------ DATA FOR THIS EXERCISE ------

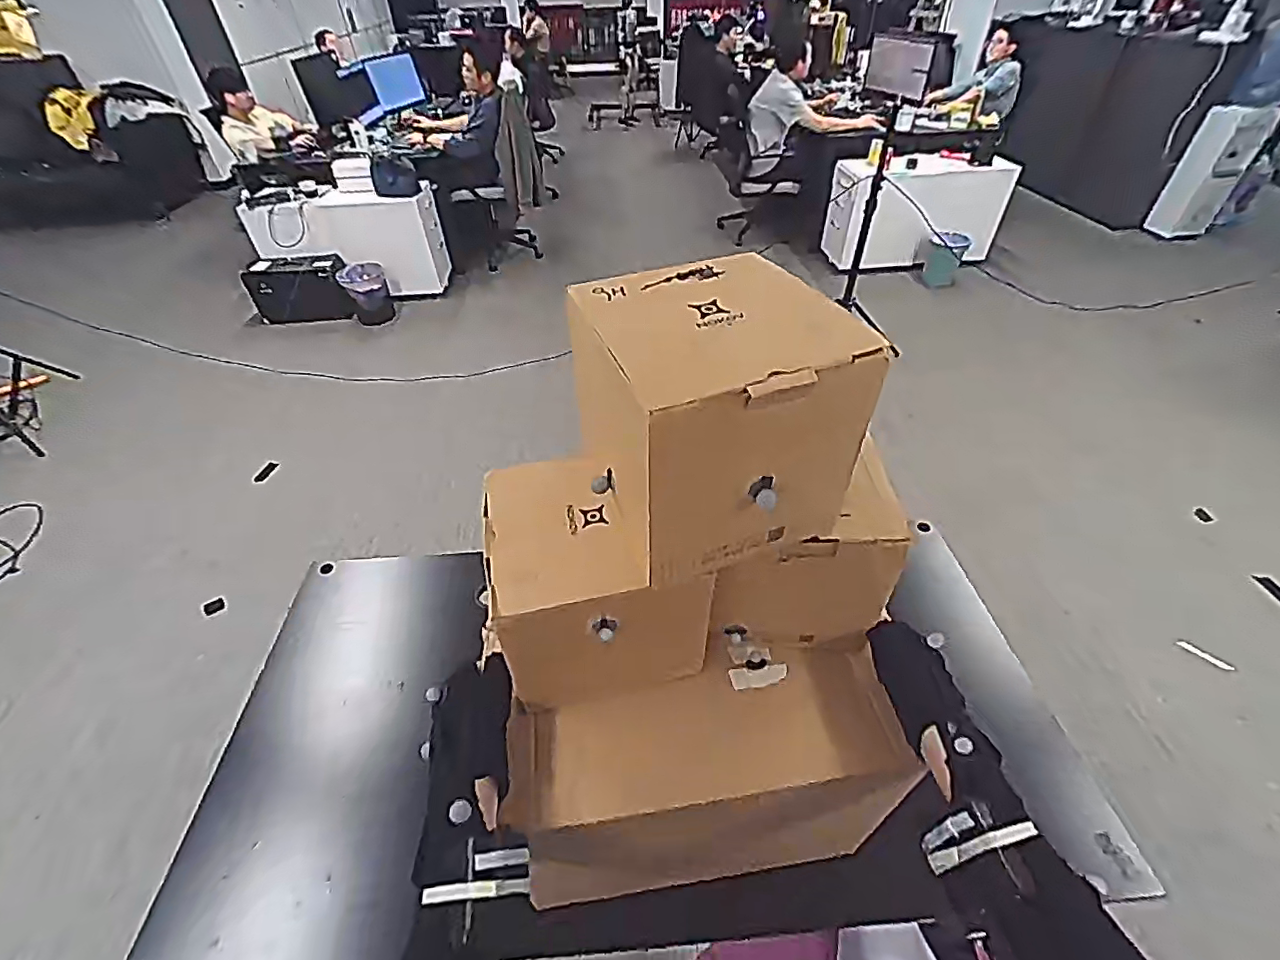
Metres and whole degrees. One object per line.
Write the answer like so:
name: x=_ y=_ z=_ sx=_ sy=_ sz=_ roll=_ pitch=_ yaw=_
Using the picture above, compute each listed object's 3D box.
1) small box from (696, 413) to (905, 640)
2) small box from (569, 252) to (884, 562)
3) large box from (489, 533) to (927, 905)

------

* _ASSIGNMENT_
Exactly the lines from the one containing "name: x=_ y=_" through the end of the records above should be returned, with both ends kept.

* _WRITTEN RESPONSE_
name: x=_ y=_ z=_ sx=_ sy=_ sz=_ roll=_ pitch=_ yaw=_
Using the picture above, compute each listed object's 3D box.
1) small box from (696, 413) to (905, 640)
2) small box from (569, 252) to (884, 562)
3) large box from (489, 533) to (927, 905)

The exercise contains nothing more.